Research

My book, Political Community in Revolutionary Pennsylvania, 1774-1800, will be published in Fall 2018 by Oxford University Press. You can place your orders now! Revising the traditional interpretation of the American Revolution in Pennsylvania as a process of ‘counter-revolution’, I argue that the Pennsylvania Constitution of 1776 should be understood more as a radical manifesto than a frame of government. Its democratic innovations, therefore, possessed political salience long after the constitution’s revision in 1790. These innovations should be understood as at the heart of popular understandings of the Revolution.

Essays of mine have appeared in edited volumes. ‘Violence and the Limits of the Political Community in Revolutionary Pennsylvania’ was published in Between Sovereignty and Anarchy (University of Virginia Press, 2015), edited by Patrick Griffin, Robert G. Ingram, Peter S. Onuf, and Brian Schoen. In this essay, I argue that political violence was persistent and pervasive during the American Revolution, because it allowed a way for ordinary citizens to bring attention to their concerns when they felt other representative channels had failed. This violence was often remarkably politically productive – but only when used in conjunction with other mechanisms of political activism that could bring different forms of pressure on elected governments.
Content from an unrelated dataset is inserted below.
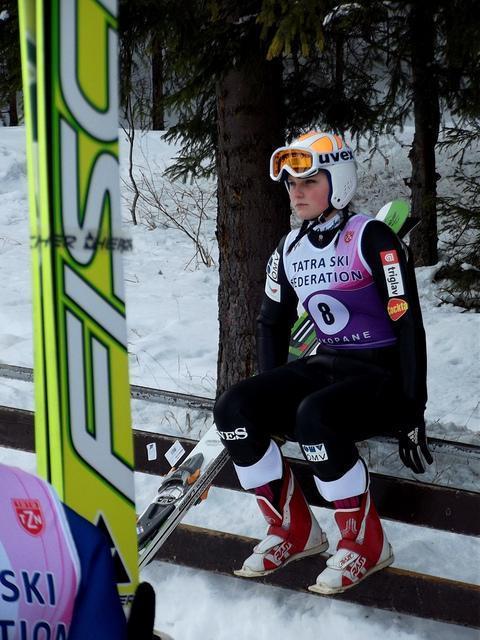How many ski are there?
Give a very brief answer. 2. How many people are there?
Give a very brief answer. 2. 
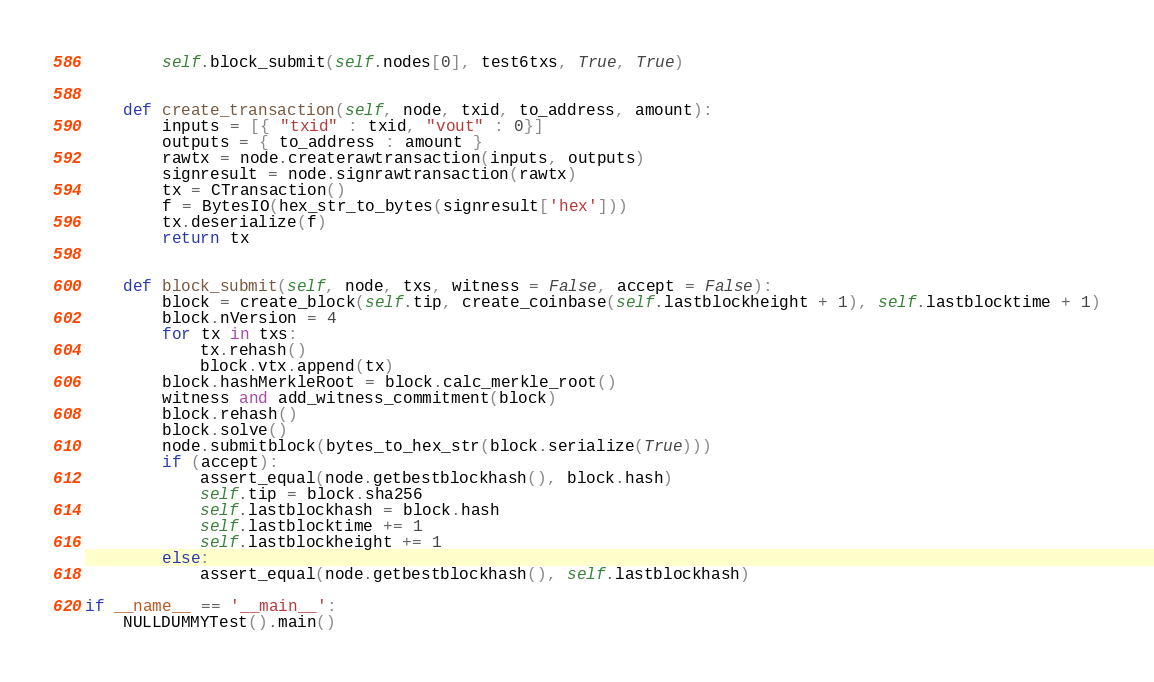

‘Legitimacy, Localism, and the First Party System’ appeared in Practicing Democracy: Popular Politics in the United States from the Revolution to the Civil War (University of Virginia Press, 2015), edited by Daniel Peart and Adam I. P. Smith. In this essay, I argue that political success in the 1790s depended fundamentally on engagement with local political activism, expressed through mechanisms of extra-governmental mobilization. Through case studies of three Pennsylvanian elections between 1790 and 1799, I demonstrate how those candidates who most fully embraced local democratic politics experienced the greatest success.